** Exercise prompt **
Which of the lines below contain the string "endpoint"? Pull each one out of the data.

** Source material **
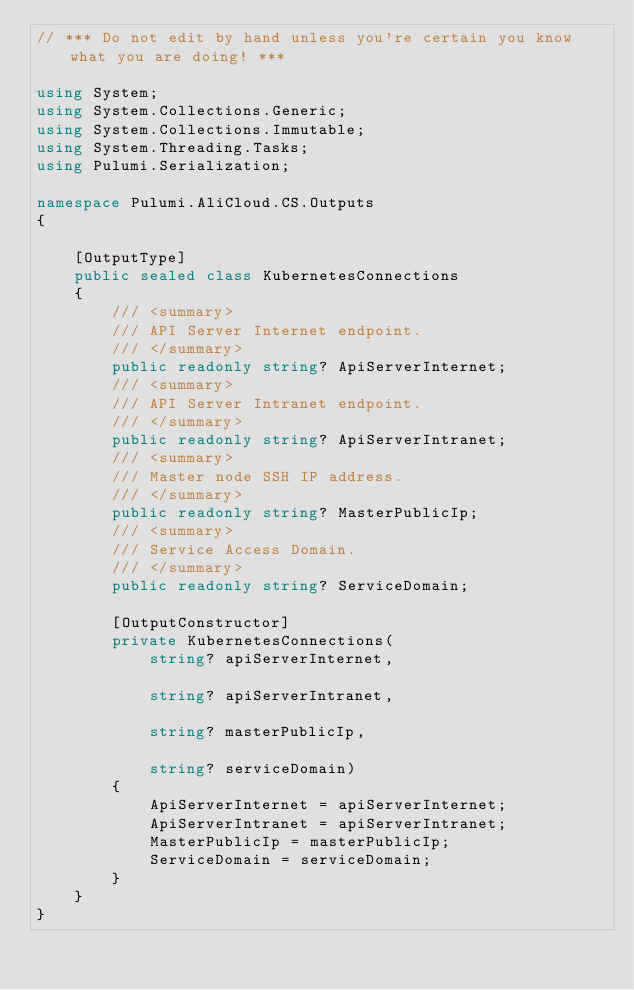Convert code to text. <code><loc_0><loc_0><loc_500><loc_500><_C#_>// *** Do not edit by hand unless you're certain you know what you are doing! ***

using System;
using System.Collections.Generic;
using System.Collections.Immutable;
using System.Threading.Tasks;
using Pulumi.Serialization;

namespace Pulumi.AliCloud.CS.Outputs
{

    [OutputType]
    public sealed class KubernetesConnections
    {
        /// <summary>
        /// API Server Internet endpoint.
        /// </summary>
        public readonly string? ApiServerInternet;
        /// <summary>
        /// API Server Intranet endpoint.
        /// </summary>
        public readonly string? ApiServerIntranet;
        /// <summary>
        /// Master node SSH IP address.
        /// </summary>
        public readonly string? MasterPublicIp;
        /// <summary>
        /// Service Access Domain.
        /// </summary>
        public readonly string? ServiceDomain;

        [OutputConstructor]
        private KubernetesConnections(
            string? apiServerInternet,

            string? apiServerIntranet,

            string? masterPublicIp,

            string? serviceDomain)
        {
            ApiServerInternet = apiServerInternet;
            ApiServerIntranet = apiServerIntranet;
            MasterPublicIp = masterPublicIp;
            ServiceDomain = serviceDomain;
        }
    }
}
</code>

==

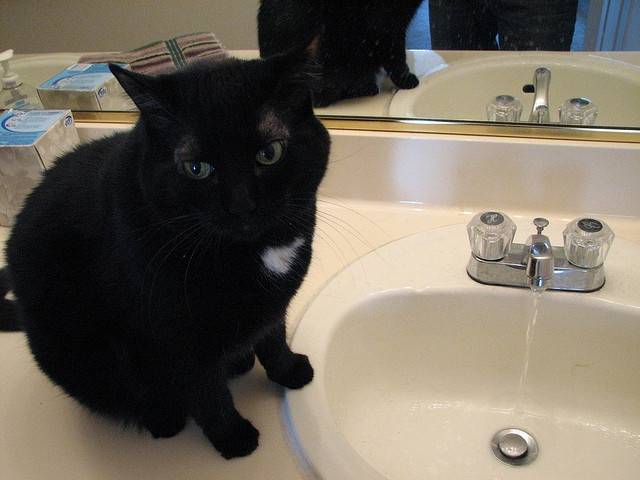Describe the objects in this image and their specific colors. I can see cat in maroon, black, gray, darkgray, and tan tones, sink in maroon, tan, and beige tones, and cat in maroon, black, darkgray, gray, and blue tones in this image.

** Solution for this problem **
        /// API Server Internet endpoint.
        /// API Server Intranet endpoint.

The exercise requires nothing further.